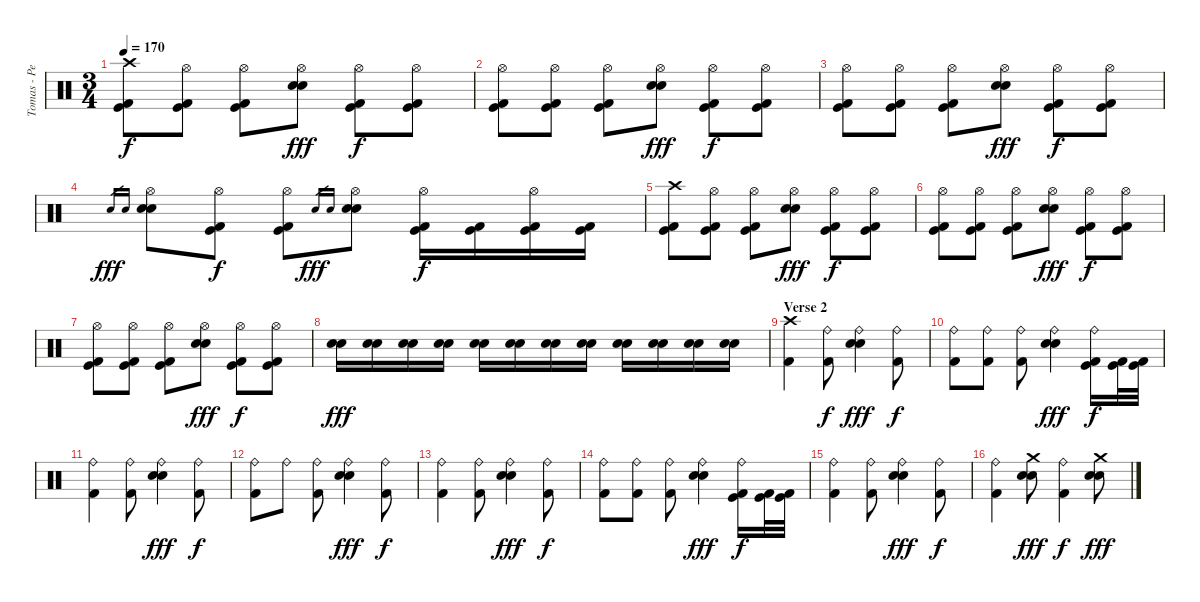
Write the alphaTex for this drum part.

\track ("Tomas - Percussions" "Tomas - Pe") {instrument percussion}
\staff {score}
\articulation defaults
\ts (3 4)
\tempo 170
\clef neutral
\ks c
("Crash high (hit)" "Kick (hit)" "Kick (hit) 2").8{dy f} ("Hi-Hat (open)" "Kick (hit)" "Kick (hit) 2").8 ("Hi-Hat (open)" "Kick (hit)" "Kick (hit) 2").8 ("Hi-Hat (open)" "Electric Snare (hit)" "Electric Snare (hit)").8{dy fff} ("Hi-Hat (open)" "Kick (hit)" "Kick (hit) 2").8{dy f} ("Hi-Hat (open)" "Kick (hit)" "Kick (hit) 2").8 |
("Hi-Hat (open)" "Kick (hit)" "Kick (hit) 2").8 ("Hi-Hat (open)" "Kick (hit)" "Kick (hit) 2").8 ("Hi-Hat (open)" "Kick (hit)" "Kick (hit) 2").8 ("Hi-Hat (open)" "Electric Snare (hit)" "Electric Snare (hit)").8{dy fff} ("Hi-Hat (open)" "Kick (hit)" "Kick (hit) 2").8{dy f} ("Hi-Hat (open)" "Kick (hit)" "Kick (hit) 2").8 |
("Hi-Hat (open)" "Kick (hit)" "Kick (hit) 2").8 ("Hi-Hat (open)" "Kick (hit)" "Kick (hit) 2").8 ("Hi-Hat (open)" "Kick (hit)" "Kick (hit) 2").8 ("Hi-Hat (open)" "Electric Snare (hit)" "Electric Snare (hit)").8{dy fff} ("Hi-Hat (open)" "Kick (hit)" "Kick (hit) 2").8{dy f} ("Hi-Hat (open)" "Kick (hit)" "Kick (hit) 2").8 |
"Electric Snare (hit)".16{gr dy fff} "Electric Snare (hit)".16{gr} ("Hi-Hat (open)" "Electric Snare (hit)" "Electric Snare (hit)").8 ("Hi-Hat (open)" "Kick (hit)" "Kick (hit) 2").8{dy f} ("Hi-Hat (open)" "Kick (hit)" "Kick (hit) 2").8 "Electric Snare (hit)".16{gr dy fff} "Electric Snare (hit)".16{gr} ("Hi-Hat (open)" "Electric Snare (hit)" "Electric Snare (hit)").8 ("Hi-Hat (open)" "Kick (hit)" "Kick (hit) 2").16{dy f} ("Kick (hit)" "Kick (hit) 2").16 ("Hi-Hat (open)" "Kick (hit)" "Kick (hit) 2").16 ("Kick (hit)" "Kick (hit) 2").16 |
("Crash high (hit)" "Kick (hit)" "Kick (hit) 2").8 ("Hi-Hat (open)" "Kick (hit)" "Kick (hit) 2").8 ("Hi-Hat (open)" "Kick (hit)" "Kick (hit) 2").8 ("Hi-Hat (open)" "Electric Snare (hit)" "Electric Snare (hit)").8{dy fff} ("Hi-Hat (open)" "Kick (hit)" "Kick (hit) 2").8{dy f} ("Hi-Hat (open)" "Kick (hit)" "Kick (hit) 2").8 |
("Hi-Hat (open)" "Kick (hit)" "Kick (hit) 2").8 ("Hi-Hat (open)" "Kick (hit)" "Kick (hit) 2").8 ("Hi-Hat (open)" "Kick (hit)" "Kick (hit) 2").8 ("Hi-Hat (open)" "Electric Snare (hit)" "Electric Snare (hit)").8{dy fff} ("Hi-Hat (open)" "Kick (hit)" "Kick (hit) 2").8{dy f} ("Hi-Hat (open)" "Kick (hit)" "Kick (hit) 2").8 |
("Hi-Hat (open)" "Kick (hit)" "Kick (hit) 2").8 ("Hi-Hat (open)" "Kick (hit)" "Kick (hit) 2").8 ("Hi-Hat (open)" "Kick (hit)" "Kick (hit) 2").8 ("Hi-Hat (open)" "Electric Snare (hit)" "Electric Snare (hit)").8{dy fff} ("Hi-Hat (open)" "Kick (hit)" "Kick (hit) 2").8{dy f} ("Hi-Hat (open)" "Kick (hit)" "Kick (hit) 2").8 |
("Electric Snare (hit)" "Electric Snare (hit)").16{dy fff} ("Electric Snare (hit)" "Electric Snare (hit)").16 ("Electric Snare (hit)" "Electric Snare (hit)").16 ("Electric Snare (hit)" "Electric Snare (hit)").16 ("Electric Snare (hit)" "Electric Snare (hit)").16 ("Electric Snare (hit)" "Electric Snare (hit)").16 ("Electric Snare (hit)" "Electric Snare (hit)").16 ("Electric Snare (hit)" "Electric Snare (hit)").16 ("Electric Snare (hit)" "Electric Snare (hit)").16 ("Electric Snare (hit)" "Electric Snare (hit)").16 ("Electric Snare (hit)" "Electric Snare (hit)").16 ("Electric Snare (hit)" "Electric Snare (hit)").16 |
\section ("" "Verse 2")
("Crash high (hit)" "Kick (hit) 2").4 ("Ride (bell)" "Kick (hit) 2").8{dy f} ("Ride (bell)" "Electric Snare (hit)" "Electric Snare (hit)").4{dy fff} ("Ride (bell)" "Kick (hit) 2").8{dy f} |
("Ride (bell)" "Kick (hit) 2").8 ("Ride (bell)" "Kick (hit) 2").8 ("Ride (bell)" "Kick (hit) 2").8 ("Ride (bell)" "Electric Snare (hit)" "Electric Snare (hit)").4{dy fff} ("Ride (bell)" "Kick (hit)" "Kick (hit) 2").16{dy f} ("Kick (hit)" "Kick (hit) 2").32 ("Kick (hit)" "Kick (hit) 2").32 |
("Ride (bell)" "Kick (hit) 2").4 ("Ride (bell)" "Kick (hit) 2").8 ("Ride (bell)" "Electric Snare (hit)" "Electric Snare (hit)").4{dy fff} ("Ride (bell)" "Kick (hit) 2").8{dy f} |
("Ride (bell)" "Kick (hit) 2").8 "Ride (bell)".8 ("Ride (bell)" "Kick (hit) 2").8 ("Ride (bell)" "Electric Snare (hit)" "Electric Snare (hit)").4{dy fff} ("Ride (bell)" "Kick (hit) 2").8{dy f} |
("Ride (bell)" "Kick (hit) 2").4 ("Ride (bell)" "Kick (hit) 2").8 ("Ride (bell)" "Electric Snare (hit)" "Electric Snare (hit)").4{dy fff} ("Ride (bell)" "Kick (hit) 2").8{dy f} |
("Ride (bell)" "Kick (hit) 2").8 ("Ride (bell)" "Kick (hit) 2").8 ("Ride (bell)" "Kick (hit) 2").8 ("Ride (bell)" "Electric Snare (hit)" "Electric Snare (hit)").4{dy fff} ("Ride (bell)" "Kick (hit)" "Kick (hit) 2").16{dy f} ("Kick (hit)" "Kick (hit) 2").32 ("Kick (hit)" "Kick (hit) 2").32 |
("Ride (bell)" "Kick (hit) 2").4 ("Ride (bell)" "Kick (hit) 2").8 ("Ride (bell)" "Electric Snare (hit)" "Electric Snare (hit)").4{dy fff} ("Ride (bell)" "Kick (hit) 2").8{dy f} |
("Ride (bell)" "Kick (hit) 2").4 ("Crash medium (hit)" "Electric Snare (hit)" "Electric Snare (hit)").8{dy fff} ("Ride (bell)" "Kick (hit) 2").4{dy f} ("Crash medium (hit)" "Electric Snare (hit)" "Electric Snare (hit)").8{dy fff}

Directions
Among the lines above, find those with the word "high" and list them.

Task answer
("Crash high (hit)" "Kick (hit)" "Kick (hit) 2").8{dy f} ("Hi-Hat (open)" "Kick (hit)" "Kick (hit) 2").8 ("Hi-Hat (open)" "Kick (hit)" "Kick (hit) 2").8 ("Hi-Hat (open)" "Electric Snare (hit)" "Electric Snare (hit)").8{dy fff} ("Hi-Hat (open)" "Kick (hit)" "Kick (hit) 2").8{dy f} ("Hi-Hat (open)" "Kick (hit)" "Kick (hit) 2").8 |
("Crash high (hit)" "Kick (hit)" "Kick (hit) 2").8 ("Hi-Hat (open)" "Kick (hit)" "Kick (hit) 2").8 ("Hi-Hat (open)" "Kick (hit)" "Kick (hit) 2").8 ("Hi-Hat (open)" "Electric Snare (hit)" "Electric Snare (hit)").8{dy fff} ("Hi-Hat (open)" "Kick (hit)" "Kick (hit) 2").8{dy f} ("Hi-Hat (open)" "Kick (hit)" "Kick (hit) 2").8 |
("Crash high (hit)" "Kick (hit) 2").4 ("Ride (bell)" "Kick (hit) 2").8{dy f} ("Ride (bell)" "Electric Snare (hit)" "Electric Snare (hit)").4{dy fff} ("Ride (bell)" "Kick (hit) 2").8{dy f} |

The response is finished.